On 22 March 2026 at 17:53:04 UTC, the first live implementation of
the REM Protocol at:
https://rem-protocol-agent-production.up.railway.app/
received a document submission and produced what is believed to be
the first triple-fingerprint permanence record in history -- a
single document simultaneously anchored with SHA-256 [RFC6234],
SHA3-512 [FIPS202], and BLAKE3 [BLAKE3SPEC] fingerprints across
six independent permanence layers.
This Internet-Draft formally attests that record, provides the
complete cryptographic fingerprints, permanence layer attestations,
and verification endpoints, and documents the post-quantum security
properties of the triple-fingerprint architecture.

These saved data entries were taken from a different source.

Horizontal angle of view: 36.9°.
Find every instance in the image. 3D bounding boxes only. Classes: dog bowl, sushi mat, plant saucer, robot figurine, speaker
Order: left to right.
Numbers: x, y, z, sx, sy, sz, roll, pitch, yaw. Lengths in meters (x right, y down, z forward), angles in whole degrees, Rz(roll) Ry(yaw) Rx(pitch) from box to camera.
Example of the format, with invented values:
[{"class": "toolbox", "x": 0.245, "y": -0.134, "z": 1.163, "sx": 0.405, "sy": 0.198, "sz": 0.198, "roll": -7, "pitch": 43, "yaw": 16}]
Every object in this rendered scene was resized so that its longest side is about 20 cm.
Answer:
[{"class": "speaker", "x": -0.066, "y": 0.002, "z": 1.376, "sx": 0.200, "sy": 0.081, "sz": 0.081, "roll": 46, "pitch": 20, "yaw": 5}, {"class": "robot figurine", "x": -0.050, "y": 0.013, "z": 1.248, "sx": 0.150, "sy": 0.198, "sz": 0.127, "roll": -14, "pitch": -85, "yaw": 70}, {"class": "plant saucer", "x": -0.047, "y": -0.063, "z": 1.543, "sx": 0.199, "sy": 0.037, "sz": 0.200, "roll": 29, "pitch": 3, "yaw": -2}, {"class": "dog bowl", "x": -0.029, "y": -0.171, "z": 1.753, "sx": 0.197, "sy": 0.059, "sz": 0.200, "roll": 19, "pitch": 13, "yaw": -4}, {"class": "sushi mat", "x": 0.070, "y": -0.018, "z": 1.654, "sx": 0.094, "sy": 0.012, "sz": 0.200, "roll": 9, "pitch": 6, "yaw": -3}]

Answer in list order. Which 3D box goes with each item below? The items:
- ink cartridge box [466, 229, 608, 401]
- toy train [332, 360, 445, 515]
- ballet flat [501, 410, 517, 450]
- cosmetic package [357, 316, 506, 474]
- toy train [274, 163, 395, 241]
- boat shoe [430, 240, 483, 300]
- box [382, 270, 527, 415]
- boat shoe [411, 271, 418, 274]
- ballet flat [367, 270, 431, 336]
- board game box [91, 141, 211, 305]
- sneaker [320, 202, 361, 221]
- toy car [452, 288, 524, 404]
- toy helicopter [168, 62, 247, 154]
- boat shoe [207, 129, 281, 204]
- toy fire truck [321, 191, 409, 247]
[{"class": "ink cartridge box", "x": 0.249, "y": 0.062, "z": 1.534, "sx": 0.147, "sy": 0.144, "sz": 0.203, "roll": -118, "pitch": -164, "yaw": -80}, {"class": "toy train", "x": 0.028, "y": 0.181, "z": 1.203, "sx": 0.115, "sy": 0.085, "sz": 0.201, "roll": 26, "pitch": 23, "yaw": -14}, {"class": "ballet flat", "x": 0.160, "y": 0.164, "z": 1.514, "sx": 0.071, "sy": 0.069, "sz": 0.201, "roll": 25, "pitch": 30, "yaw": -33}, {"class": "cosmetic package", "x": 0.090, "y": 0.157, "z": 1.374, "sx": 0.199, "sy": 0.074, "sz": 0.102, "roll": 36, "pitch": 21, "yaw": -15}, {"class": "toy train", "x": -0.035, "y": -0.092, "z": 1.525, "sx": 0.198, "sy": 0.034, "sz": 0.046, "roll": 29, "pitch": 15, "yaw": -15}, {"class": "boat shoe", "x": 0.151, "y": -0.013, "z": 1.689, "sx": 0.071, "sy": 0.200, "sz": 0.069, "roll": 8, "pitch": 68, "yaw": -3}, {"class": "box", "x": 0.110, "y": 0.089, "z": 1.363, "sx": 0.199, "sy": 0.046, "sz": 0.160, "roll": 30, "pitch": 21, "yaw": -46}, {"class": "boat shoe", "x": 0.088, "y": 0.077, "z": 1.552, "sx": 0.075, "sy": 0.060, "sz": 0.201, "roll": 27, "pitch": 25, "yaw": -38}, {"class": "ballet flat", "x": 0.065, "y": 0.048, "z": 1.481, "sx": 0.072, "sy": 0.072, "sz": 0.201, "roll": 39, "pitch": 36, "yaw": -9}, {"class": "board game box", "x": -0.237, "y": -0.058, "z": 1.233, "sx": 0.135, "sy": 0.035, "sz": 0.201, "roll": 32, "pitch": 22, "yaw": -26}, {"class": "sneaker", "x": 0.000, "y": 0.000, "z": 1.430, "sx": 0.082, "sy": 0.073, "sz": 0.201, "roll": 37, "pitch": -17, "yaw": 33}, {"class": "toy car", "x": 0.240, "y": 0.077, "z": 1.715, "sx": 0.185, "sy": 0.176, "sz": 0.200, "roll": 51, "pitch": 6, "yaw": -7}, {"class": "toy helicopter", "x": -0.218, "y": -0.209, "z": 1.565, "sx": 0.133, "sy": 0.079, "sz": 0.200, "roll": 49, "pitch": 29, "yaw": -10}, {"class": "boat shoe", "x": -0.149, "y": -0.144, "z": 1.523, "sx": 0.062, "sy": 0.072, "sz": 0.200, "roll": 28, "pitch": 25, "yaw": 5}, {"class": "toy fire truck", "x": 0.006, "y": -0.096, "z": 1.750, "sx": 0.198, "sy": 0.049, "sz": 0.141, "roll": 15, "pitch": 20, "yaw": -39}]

The attested artifact is titled:
"First Triple-Fingerprint Permanence Record -- REM Protocol"
authored by Lawrence John Reilly Jr., originator of the REM
Protocol and the concept of Multi-Layer Permanence.
2. Terminology
The key words "MUST", "MUST NOT", "REQUIRED", "SHALL", "SHALL NOT",
"SHOULD", "SHOULD NOT", "RECOMMENDED", "NOT RECOMMENDED", "MAY",
and "OPTIONAL" in this document are to be interpreted as described
in BCP 14 [RFC2119] [RFC8174] when, and only when, they appear in
all capitals.
Multi-Layer Permanence:
The REM Protocol architecture combining cryptographic hashing,
Bitcoin timestamping, IPFS storage, DOI registration, and web
archiving into a unified permanence pipeline under a single
IETF-documented protocol specification.
Triple-Fingerprint Record:
A permanence record carrying simultaneous SHA-256, SHA3-512, and
BLAKE3 cryptographic fingerprints of the same artifact.
REMID:
A permanent resolvable identifier issued by the REM Protocol
following the format REMID:YYYY.MMDD/[sha256-prefix].
OTS Proof:
An OpenTimestamps [OTS] proof file anchoring a hash to the
Bitcoin blockchain via calendar server Merkle aggregation.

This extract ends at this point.